パウル・ティリッヒの神学に、かなりお世話になった時期があった。
自分のなかで、ファンダメンタルな信仰と葛藤し、戦っていたときがある。
聖書を原理的に無謬の「神」の位置にまで高めていこうとする信仰について、考えていた。
そのとき、ティリッヒは鮮やかな解答を示してくれたのだ。
聖書は、象徴言語であり、それ自体が直接の「神の啓示」なのではなく、「神の啓示」である神の御心を象徴的に表現しているものなのだ、というのだ。
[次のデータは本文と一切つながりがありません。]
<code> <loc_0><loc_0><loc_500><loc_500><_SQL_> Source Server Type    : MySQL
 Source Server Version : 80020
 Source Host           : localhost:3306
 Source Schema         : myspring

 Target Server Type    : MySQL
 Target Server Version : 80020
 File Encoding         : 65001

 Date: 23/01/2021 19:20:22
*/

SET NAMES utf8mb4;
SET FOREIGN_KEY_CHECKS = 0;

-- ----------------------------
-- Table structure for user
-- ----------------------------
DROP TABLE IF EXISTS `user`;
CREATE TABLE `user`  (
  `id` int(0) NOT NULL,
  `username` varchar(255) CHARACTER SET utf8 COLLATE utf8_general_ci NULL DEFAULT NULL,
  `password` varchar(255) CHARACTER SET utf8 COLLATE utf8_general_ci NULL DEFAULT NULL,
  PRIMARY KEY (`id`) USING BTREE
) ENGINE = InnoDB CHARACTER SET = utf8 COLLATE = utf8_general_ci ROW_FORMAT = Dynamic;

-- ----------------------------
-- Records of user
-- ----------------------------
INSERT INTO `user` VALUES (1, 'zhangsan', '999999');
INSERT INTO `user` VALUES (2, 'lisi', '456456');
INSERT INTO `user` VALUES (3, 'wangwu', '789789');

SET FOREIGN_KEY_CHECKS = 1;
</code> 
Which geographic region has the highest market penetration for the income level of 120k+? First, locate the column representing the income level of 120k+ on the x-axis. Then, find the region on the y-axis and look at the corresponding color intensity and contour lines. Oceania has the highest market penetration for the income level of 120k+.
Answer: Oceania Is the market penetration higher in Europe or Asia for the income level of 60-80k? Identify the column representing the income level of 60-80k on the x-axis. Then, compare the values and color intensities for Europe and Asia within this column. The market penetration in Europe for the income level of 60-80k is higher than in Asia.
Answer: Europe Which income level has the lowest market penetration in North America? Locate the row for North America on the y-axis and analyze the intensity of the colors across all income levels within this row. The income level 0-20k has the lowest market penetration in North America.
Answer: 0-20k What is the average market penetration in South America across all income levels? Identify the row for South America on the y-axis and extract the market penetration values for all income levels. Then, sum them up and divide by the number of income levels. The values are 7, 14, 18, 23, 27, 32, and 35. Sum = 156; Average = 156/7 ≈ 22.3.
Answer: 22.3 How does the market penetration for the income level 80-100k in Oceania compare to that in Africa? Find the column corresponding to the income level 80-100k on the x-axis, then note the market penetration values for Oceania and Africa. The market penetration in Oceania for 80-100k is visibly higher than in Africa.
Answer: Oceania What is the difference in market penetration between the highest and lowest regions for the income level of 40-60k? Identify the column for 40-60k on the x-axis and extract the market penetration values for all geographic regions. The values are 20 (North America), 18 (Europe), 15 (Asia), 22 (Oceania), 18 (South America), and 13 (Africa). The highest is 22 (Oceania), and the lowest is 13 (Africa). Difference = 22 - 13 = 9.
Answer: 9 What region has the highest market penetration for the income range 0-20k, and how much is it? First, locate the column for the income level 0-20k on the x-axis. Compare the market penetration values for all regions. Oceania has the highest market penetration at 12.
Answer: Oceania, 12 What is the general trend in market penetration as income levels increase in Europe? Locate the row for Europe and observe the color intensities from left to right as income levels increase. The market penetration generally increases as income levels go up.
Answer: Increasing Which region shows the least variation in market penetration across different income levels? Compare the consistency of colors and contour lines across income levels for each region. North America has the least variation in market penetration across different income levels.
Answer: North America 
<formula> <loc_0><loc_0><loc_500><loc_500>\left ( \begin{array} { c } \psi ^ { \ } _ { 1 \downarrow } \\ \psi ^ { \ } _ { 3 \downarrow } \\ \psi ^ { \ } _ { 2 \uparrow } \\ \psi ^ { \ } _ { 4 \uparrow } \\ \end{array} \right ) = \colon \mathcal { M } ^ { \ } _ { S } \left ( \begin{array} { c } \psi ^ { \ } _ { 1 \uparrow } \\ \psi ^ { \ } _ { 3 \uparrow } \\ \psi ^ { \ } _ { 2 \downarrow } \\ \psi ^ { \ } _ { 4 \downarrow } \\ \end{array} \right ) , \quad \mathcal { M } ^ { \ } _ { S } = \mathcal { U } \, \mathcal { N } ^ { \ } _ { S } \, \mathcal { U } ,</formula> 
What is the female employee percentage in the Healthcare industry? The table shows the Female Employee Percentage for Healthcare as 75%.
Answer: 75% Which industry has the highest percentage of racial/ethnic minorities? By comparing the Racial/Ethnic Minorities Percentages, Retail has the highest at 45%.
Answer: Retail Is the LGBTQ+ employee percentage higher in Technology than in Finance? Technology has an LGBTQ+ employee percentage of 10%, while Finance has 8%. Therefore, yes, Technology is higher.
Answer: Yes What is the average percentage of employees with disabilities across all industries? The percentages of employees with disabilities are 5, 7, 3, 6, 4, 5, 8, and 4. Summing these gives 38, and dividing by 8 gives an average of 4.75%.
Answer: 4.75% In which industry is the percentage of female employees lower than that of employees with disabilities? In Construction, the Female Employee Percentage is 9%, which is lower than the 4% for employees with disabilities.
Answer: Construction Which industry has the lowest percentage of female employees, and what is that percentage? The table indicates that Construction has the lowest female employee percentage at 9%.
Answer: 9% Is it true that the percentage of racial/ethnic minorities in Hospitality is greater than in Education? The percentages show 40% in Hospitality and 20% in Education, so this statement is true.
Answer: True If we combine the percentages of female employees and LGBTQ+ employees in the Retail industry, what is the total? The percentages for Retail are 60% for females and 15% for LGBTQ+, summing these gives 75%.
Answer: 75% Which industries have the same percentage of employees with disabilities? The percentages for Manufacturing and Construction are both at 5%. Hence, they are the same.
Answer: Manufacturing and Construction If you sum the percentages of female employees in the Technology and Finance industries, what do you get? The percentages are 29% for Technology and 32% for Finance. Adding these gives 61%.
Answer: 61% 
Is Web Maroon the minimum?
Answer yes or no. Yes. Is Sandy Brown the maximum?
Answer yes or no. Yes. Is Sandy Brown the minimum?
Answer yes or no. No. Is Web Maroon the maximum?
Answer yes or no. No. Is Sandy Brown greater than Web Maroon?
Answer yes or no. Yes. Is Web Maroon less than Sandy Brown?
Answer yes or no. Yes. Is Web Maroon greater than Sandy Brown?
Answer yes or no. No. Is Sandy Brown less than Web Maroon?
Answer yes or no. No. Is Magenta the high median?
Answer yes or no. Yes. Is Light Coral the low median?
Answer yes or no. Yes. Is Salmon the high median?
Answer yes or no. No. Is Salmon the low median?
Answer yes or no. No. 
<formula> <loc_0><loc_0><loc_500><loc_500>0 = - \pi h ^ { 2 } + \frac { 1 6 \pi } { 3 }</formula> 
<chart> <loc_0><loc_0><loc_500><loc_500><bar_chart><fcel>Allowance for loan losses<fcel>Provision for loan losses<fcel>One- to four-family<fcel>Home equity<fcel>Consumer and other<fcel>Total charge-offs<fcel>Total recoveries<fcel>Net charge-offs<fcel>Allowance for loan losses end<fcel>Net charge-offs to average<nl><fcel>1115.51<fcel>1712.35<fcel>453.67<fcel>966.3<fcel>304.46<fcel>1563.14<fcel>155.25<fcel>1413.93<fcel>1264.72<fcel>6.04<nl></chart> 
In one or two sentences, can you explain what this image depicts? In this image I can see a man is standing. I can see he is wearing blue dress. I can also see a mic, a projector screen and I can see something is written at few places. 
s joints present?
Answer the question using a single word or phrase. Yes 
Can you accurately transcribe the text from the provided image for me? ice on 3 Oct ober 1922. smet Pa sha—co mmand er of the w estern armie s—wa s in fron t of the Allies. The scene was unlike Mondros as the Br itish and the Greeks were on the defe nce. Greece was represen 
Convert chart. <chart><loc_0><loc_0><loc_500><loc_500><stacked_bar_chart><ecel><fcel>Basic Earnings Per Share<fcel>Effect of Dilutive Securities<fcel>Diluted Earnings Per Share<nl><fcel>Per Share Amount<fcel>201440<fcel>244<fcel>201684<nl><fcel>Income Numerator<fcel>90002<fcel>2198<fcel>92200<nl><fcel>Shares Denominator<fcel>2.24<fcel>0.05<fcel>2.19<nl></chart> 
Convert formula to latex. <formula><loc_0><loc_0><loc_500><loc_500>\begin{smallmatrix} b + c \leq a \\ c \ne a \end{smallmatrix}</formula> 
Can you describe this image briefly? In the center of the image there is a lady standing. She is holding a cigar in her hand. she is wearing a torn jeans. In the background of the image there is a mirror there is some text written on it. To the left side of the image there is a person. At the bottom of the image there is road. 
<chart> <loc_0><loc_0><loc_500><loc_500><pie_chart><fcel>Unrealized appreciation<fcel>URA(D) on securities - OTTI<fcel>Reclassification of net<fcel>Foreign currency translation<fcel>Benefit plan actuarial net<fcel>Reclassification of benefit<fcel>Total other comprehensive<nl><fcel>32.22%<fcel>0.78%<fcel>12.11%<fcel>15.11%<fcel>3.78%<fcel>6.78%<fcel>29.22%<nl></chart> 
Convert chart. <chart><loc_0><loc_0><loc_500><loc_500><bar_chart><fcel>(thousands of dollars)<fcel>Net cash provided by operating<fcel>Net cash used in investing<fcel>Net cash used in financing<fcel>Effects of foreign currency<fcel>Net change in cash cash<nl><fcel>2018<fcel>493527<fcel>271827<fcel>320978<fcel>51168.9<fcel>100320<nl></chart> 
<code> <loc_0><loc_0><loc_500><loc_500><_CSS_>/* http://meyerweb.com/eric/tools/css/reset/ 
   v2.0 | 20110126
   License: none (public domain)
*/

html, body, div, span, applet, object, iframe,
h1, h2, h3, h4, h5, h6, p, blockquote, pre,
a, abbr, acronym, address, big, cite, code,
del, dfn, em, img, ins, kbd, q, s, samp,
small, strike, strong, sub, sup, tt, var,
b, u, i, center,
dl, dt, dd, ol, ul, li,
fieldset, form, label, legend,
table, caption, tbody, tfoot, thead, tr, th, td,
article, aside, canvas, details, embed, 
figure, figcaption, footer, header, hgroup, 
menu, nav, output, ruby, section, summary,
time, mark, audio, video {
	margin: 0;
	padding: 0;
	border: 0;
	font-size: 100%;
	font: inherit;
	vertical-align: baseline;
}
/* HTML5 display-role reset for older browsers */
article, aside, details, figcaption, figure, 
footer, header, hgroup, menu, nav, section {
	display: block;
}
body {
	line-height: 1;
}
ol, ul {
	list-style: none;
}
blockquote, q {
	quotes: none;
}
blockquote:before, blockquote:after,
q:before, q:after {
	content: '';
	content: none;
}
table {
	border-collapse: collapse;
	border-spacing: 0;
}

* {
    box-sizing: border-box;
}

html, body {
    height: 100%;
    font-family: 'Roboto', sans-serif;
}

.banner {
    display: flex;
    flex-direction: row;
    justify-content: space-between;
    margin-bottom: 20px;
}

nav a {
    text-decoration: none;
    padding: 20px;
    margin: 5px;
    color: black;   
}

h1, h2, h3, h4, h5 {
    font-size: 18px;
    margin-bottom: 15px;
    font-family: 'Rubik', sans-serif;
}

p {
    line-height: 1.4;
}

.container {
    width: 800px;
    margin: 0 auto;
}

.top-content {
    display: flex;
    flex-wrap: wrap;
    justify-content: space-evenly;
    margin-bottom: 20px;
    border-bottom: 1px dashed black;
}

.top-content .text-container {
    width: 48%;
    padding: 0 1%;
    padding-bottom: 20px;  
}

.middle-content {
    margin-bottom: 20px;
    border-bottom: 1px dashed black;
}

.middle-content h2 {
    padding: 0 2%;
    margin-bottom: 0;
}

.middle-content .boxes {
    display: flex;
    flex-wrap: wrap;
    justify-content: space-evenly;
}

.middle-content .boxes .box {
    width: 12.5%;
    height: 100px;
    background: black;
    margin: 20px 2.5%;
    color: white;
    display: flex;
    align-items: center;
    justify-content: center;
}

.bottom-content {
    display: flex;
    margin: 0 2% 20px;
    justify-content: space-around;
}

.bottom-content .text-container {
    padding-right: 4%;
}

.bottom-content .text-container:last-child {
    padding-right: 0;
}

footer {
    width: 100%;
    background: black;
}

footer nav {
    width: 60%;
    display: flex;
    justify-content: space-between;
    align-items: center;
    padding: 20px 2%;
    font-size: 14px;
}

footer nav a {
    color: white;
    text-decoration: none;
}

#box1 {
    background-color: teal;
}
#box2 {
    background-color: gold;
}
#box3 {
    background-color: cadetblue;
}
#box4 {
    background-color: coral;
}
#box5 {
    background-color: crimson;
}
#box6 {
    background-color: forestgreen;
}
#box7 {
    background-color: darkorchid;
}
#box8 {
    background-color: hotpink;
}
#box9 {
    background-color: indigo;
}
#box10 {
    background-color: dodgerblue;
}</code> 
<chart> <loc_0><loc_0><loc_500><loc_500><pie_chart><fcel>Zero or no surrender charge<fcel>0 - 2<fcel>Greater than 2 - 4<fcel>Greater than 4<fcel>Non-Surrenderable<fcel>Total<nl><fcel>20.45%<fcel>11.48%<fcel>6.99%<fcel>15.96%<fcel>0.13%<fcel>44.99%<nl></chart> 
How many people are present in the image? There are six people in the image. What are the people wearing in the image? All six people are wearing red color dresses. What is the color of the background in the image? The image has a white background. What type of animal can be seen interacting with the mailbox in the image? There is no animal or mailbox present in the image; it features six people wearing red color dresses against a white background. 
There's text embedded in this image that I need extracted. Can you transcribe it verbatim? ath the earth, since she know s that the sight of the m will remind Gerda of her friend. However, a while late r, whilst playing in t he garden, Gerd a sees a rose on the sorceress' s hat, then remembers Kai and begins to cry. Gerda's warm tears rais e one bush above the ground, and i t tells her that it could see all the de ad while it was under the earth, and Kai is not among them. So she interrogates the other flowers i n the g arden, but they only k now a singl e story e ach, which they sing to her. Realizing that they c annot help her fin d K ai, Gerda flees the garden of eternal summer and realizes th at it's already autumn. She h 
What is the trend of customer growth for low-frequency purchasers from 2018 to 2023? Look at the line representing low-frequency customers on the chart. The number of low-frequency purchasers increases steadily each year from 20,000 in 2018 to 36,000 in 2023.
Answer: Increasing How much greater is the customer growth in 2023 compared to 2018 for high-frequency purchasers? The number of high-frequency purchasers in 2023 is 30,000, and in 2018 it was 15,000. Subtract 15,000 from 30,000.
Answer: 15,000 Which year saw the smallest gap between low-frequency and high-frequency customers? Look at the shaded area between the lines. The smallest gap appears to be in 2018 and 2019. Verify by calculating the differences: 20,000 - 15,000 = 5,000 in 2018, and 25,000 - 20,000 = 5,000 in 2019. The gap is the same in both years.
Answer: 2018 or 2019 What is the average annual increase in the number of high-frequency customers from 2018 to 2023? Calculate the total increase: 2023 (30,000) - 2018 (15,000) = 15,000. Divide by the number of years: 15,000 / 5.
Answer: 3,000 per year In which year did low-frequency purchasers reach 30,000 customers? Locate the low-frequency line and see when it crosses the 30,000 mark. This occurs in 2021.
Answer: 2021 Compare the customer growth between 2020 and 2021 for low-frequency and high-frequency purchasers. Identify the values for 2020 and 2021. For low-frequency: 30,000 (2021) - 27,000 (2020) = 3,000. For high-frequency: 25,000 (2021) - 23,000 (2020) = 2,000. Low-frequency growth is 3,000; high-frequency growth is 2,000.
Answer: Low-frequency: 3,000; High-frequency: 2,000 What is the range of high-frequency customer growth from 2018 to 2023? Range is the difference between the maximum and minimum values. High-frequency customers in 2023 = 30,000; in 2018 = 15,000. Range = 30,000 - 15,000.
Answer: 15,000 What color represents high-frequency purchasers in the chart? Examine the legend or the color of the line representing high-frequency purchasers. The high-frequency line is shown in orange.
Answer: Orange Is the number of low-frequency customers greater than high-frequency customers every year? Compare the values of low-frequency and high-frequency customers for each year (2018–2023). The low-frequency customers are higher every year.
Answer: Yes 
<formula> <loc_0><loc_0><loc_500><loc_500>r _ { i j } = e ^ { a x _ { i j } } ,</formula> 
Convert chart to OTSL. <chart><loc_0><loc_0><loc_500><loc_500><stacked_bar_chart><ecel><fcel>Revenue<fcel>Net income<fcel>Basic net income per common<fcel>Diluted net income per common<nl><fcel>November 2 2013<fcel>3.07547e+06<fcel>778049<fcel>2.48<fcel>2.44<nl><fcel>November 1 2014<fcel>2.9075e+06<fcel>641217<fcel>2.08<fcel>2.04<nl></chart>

これを読んだとき、自分のなかでファンダメンタルな信仰との葛藤が溶けて行くように思った。
聖書は、神を象徴的な言語形式で表現しているのであって、神ご自身ではない。
神を指し示しているのが聖書なのだ。ここでは、神と聖書がはっきりと区別されている。
もちろん、聖書を通してでなければ神の御心に触れることはできないが、しかし聖書を神ご自身にしてしまうのは、微妙な形の偶像崇拝だ。
こうした聖書理解にも、おそらく限界はあろう。
このようなあまりに「穏健過ぎる」理解によっては、「聖書を読むことに熱心な教会」は形成できない、という牧師の先生方からの批判も出てくると思う。
しかし、ティリッヒの理解は、「あまりに保守的・原理的過ぎる信仰に抑圧されて苦しめられている人」には、大きな助けを提供してくれる。
もちろん、こうした聖書理解で完全だ、ということはない。
これからも神学は深められていくなかで、こうした理解もまた塗り替えられていくだろう。
しかし、ティリッヒの神学がさまざまな形で、人の心を抑圧から解放するような、神学的な癒しを提供しているのは確かだと思う。
神学的な癒しを求めている方は、ぜひ彼の著書を読むようにお勧めする。
『存在への勇気』という著書が特に有名だが、彼自身が内面の分裂と苦しみを経験しながら記しているだけに、魂に迫る力がある。おすすめ。